Hi all,
I run some AWS Athena queries with the ResultReuseByAgeConfiguration
option set. From a behaviour perspective, I would expect Athena to cache the results, but it seems Athena is caching it too well. I am using parameterised queries, and it seems that Athena is not taking the parameterised values in consideration when deciding what needs to be cached. Is this expected behaviour, or possibly a bug in how Athena manages caching?
To demonstrate, I create a very simple stored procedure in Athena.
PREPARE TEST_CACHE FROM
SELECT ?
Running the following code, you would expect all tests to pass (value inserted and returned are the same)
import boto3
import time
def query(v,reuse=False):
athena = boto3.client('athena')
query_id1 = athena.start_query_execution(
QueryString = 'execute TEST_CACHE',
ExecutionParameters = [v],
QueryExecutionContext = { 'Database' : 'default' },
WorkGroup = 'ca-main-athena',
ResultReuseConfiguration={
'ResultReuseByAgeConfiguration': {
'Enabled': reuse,
'MaxAgeInMinutes': 60
}
}
)['QueryExecutionId']
while True:
finish_state = athena.get_query_execution(QueryExecutionId=query_id1)["QueryExecution"]["Status"]["State"]
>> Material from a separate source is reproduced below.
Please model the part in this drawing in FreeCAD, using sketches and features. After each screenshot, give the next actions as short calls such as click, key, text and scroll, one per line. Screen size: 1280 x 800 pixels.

if finish_state == "RUNNING" or finish_state == "QUEUED":
time.sleep(1)
else:
break
athenaresult1 = athena.get_query_results(QueryExecutionId=query_id1)
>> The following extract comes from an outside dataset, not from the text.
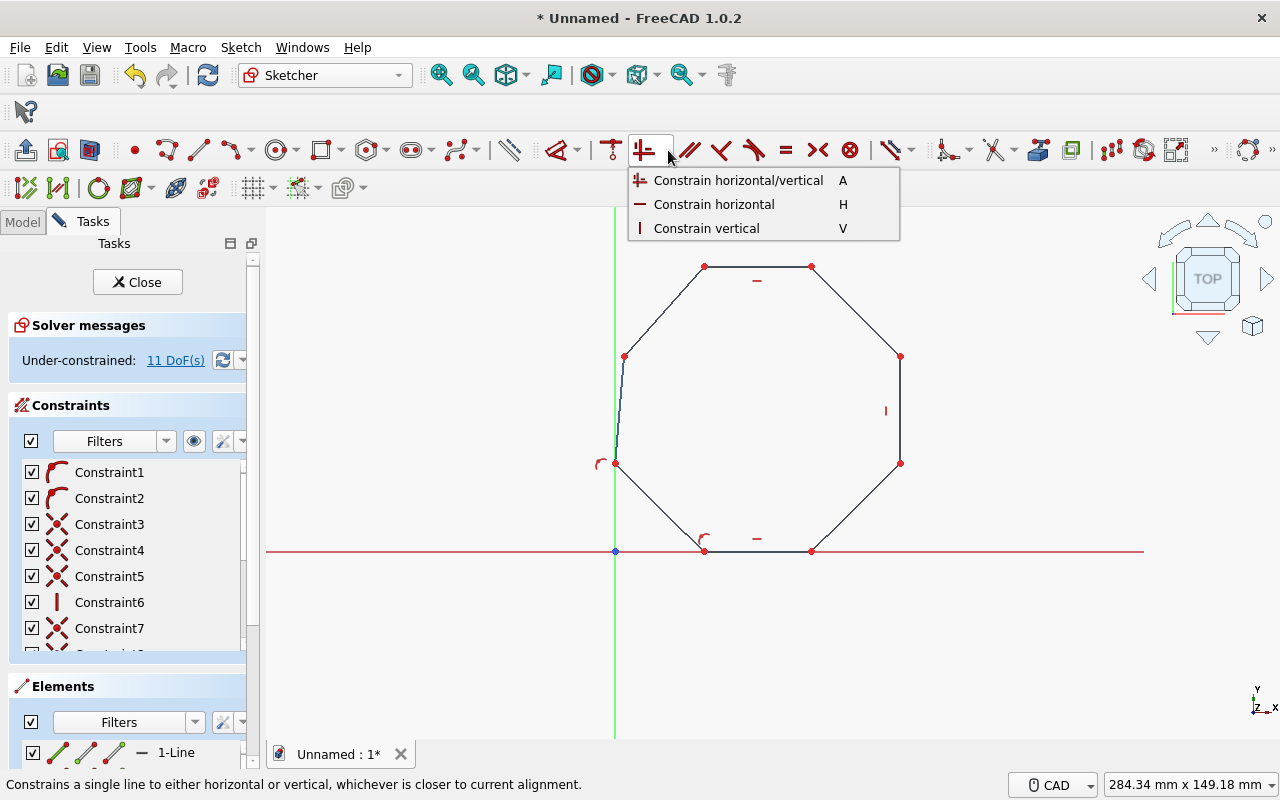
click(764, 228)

r = athenaresult1['ResultSet']['Rows'][1]['Data'][0]['VarCharValue']
if r == v:
print(f"result match - expected {v} and got {r}")
else:
print(f"result does not match - expected {v} and got {r}")
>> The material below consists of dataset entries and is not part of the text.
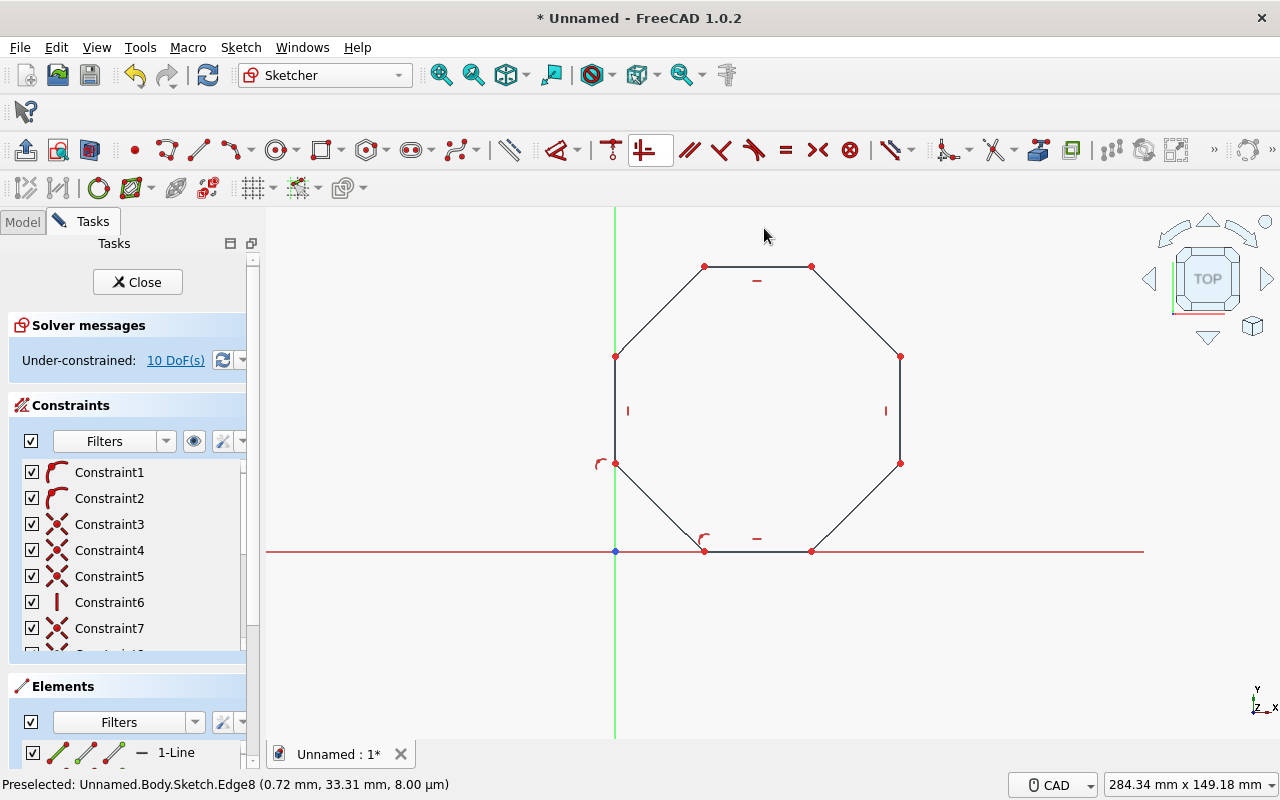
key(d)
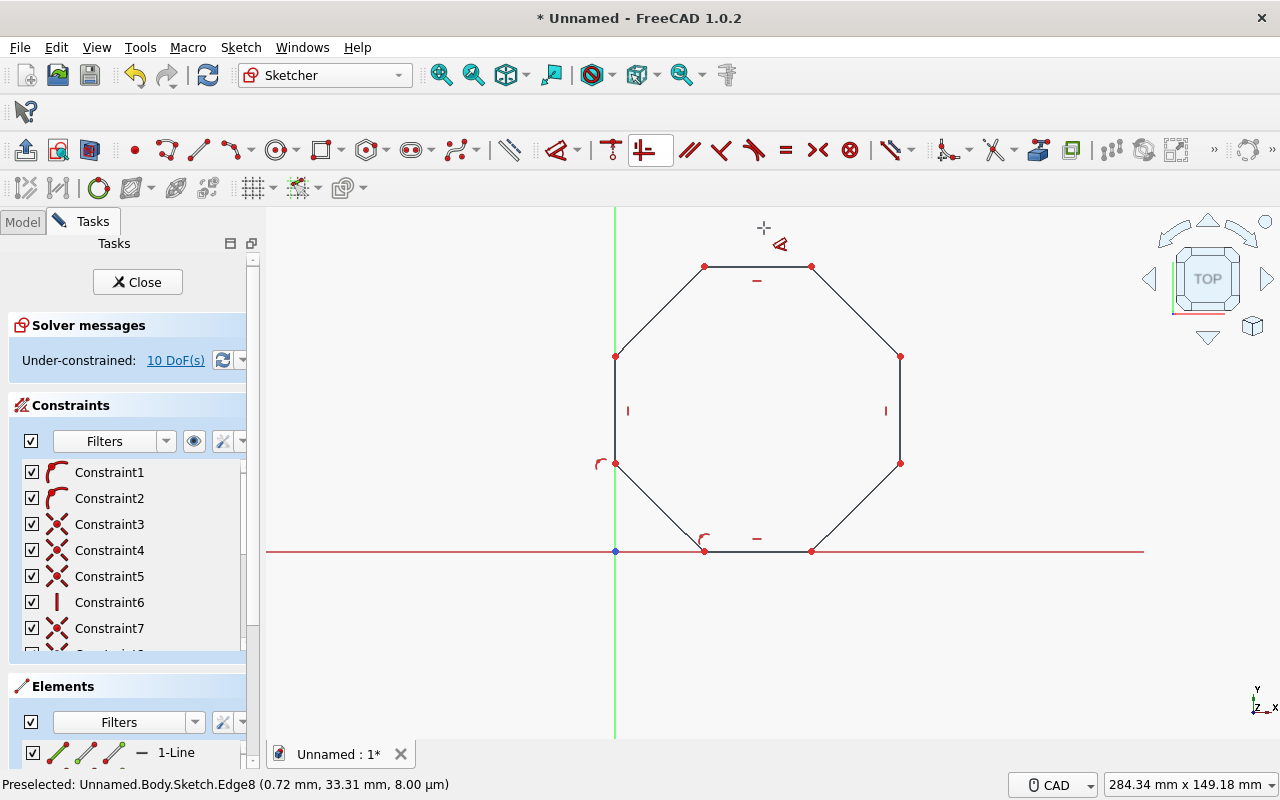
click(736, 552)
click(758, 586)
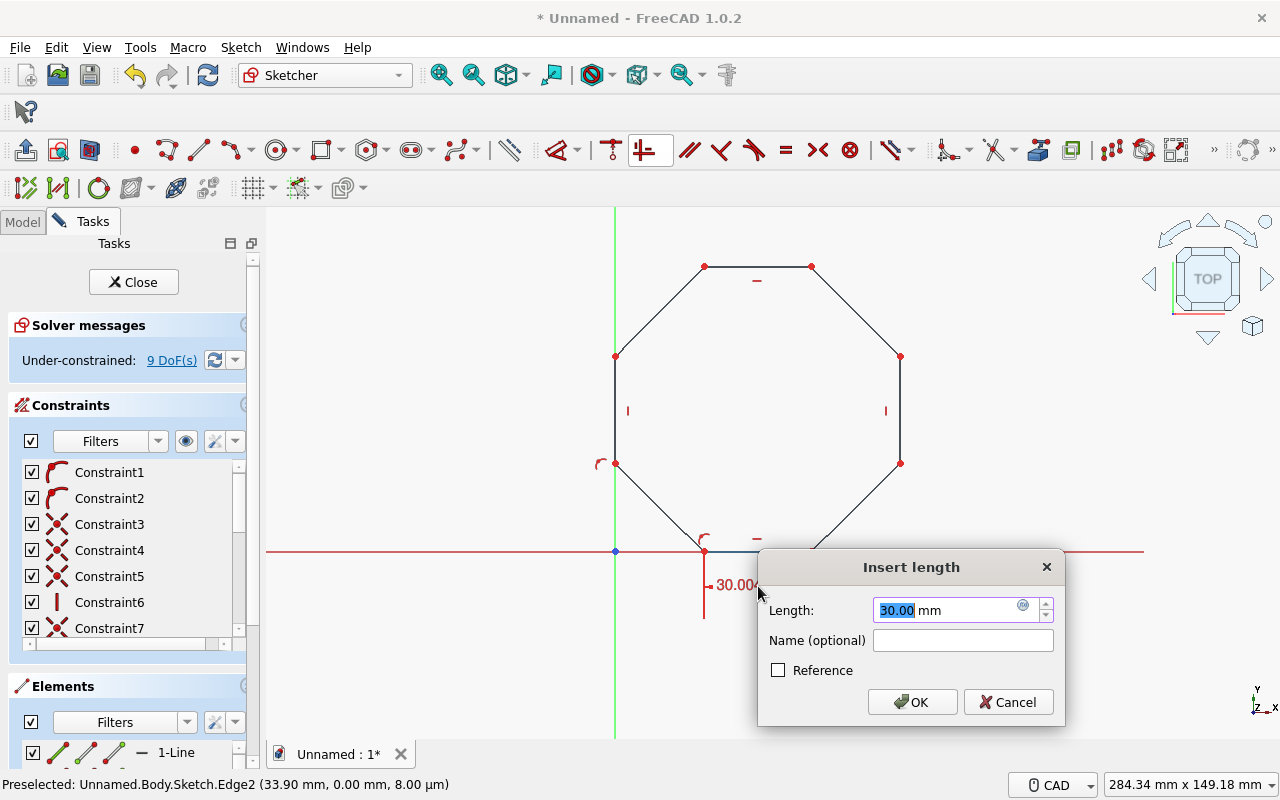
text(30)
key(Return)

# = works as expected - result reuse is turned off
query("alpha",False)
query("bravo",False)
query("charlie",False)
# = does not work as expected - result reuse is turned on
query("delta",True)
query("echo",True)
query("foxtrot",True)
The result does demonstrate that the caching is not correct.
$ python test_athena.py
result match - expected alpha and got alpha
result match - expected bravo and got bravo
result match - expected charlie and got charlie
result does not match - expected delta and got charlie
result does not match - expected echo and got charlie
result does not match - expected foxtrot and got charlie
We have resolved this issue. You should be able to see the intended behaviour for parameterized queries with caching now.